Disclaimers aside, like the TOTJ team before them it must be nice as a creative team to be able to establish a new world and new timeframe within this familiar universe.
Cerea, the technology resistant planet under dispute here, is the Amish population of the universe, motivated not by religion but by environmental and social priorities. Their polygamy-out-of-necessity societal structure adds another welcome layer of complexity to the situation. The married among you will particularly enjoy Ki's exchange with his bond-wife. This early home sequence serves well in making Mundi a likable and relatable character.
Given the unfamiliar nature of most of the characters and setting, including Ephant Mon from the original movies (Jabba's palace) is a welcome tie. He feels in character here matching his portrayal in Tales from Jabba's Palace.
The story and characterization in this opening act are well crafted, intelligent and have depth. A good start.
Winn is good at drawing figures. The anatomical proportions are right on (which seems an odd statement about a comic full of people whose heads are two feet tall) and the camera angles and body poses are thought out and interesting. Ephant Mon in particular looks great in comics, despite somewhat limited mobility. The architecture and costuming are very interesting, as well.

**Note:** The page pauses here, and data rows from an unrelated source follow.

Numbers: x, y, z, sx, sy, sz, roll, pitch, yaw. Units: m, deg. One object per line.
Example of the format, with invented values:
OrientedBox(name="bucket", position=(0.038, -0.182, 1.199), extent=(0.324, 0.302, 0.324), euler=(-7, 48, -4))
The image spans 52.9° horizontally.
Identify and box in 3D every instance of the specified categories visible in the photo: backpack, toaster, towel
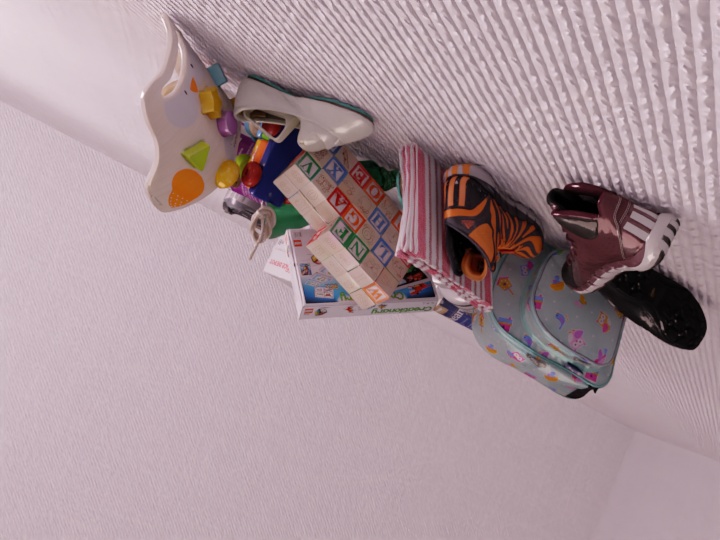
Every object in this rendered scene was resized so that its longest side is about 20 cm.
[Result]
OrientedBox(name="backpack", position=(0.257, 0.056, 0.980), extent=(0.197, 0.178, 0.154), euler=(24, 158, 7))
OrientedBox(name="toaster", position=(-0.167, -0.144, 1.264), extent=(0.112, 0.131, 0.200), euler=(26, 175, -14))
OrientedBox(name="towel", position=(0.106, -0.048, 0.886), extent=(0.029, 0.149, 0.199), euler=(-15, 150, 34))

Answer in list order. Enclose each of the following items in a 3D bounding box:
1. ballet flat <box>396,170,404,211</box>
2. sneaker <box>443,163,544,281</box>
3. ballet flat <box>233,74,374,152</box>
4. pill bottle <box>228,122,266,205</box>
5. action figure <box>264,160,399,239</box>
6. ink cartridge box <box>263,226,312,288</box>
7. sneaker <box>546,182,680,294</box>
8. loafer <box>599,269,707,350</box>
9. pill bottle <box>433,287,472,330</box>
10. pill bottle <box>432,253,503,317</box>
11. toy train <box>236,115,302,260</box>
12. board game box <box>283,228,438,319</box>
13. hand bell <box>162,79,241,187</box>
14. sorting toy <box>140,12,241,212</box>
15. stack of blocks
OrientedBox(name="ballet flat", position=(0.090, -0.097, 0.965), extent=(0.062, 0.077, 0.200), euler=(-7, 172, 10))
OrientedBox(name="sneaker", position=(0.154, -0.032, 0.871), extent=(0.077, 0.114, 0.199), euler=(-11, 150, 42))
OrientedBox(name="ballet flat", position=(-0.074, -0.180, 0.880), extent=(0.197, 0.071, 0.069), euler=(23, 174, 24))
OrientedBox(name="pill bottle", position=(-0.132, -0.154, 1.122), extent=(0.197, 0.114, 0.112), euler=(25, 174, 13))
OrientedBox(name="action figure", position=(-0.037, -0.111, 1.021), extent=(0.196, 0.121, 0.055), euler=(-10, 159, 11))
OrientedBox(name="ink cartridge box", position=(-0.066, -0.059, 1.215), extent=(0.084, 0.203, 0.144), euler=(27, 173, -29))
OrientedBox(name="sneaker", position=(0.235, -0.044, 0.763), extent=(0.114, 0.077, 0.200), euler=(31, 163, -2))
OrientedBox(name="loafer", position=(0.350, 0.031, 0.894), extent=(0.199, 0.069, 0.070), euler=(34, 179, -21))
OrientedBox(name="pill bottle", position=(0.187, 0.039, 1.413), extent=(0.197, 0.113, 0.111), euler=(27, 174, -9))
OrientedBox(name="pill bottle", position=(0.189, 0.012, 1.157), extent=(0.115, 0.118, 0.199), euler=(20, 171, 43))
OrientedBox(name="toy train", position=(-0.144, -0.126, 0.999), extent=(0.084, 0.203, 0.115), euler=(20, -175, -41))
OrientedBox(name="board game box", position=(0.000, 0.000, 1.001), extent=(0.196, 0.128, 0.035), euler=(-1, 146, -20))
OrientedBox(name="hand bell", position=(-0.208, -0.173, 0.999), extent=(0.104, 0.104, 0.200), euler=(32, -167, -50))
OrientedBox(name="sorting toy", position=(-0.213, -0.203, 0.875), extent=(0.104, 0.204, 0.181), euler=(1, 155, 10))
OrientedBox(name="stack of blocks", position=(-0.018, -0.066, 0.931), extent=(0.201, 0.116, 0.058), euler=(49, 141, -14))
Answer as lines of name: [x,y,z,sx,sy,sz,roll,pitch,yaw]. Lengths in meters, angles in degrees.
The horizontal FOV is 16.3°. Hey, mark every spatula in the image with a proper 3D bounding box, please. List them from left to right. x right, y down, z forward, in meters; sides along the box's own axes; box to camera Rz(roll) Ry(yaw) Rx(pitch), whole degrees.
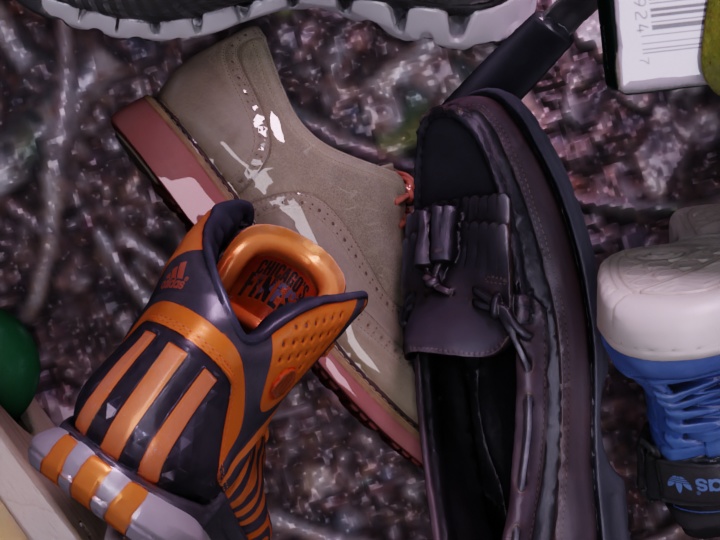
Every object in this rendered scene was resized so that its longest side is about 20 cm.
spatula: [0.074,-0.089,0.862,0.056,0.200,0.021,34,51,-10]

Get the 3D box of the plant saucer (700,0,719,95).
plant saucer: [0.210,-0.135,0.709,0.199,0.048,0.200,7,96,0]

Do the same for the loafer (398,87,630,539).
loafer: [0.045,0.038,0.860,0.063,0.072,0.200,-10,88,-34]

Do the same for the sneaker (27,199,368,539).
sneaker: [-0.041,0.043,0.849,0.078,0.200,0.112,35,85,6]

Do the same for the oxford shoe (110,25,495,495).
oxford shoe: [0.000,0.000,0.907,0.075,0.070,0.200,-41,98,-5]

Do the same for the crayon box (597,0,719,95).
crayon box: [0.168,-0.127,0.760,0.200,0.052,0.126,-6,96,2]

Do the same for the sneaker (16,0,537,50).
sneaker: [-0.031,-0.128,0.876,0.200,0.067,0.091,2,141,-6]

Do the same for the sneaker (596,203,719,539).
sneaker: [0.126,0.042,0.853,0.077,0.200,0.111,-4,97,12]

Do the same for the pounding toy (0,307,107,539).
pounding toy: [-0.186,0.055,0.866,0.200,0.142,0.184,-35,97,2]
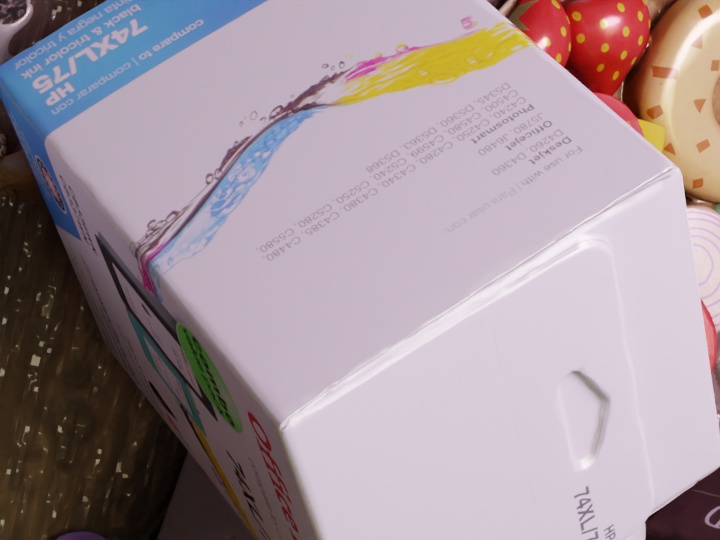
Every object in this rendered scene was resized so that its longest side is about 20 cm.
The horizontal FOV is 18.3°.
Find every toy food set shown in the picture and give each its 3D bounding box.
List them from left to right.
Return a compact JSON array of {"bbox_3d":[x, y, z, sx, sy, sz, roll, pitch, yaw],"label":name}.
[{"bbox_3d":[0.119,-0.040,0.990,0.199,0.049,0.200,10,90,-33],"label":"toy food set"}]

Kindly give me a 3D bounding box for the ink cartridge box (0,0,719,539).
[{"bbox_3d":[0.000,0.000,0.741,0.145,0.200,0.147,-31,137,-14],"label":"ink cartridge box"}]

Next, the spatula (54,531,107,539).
[{"bbox_3d":[-0.160,0.172,0.844,0.200,0.020,0.057,-41,117,-37],"label":"spatula"}]

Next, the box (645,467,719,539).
[{"bbox_3d":[0.273,0.133,1.038,0.200,0.165,0.165,-40,116,-23],"label":"box"}]

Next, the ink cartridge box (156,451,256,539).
[{"bbox_3d":[0.007,0.155,0.916,0.199,0.084,0.146,27,77,-34],"label":"ink cartridge box"}]

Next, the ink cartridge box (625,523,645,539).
[{"bbox_3d":[0.085,0.151,0.812,0.200,0.057,0.163,40,44,-25],"label":"ink cartridge box"}]

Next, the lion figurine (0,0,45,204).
[{"bbox_3d":[-0.087,-0.073,0.841,0.199,0.123,0.073,-25,74,-11],"label":"lion figurine"}]

Nestelle's colors are up to his usual high standards. The cover is fantastic.
My only minor complaint about the art would be the riding bird. It was too ostrich-like and non-exotic for me.
While not destined to be an all-time favorite of mine, this first issue has solid writing and solid artistic work. If you've been thinking of getting (back) into SW comics, this is a great place to start.
Rating: 8 / 10 Recommended
SIDE NOTE: The very first thing I noticed was the "Lucas Books" logo on the cover. It's absent on 'Leviathan #2' which also shipped this week. I wonder what the significance is?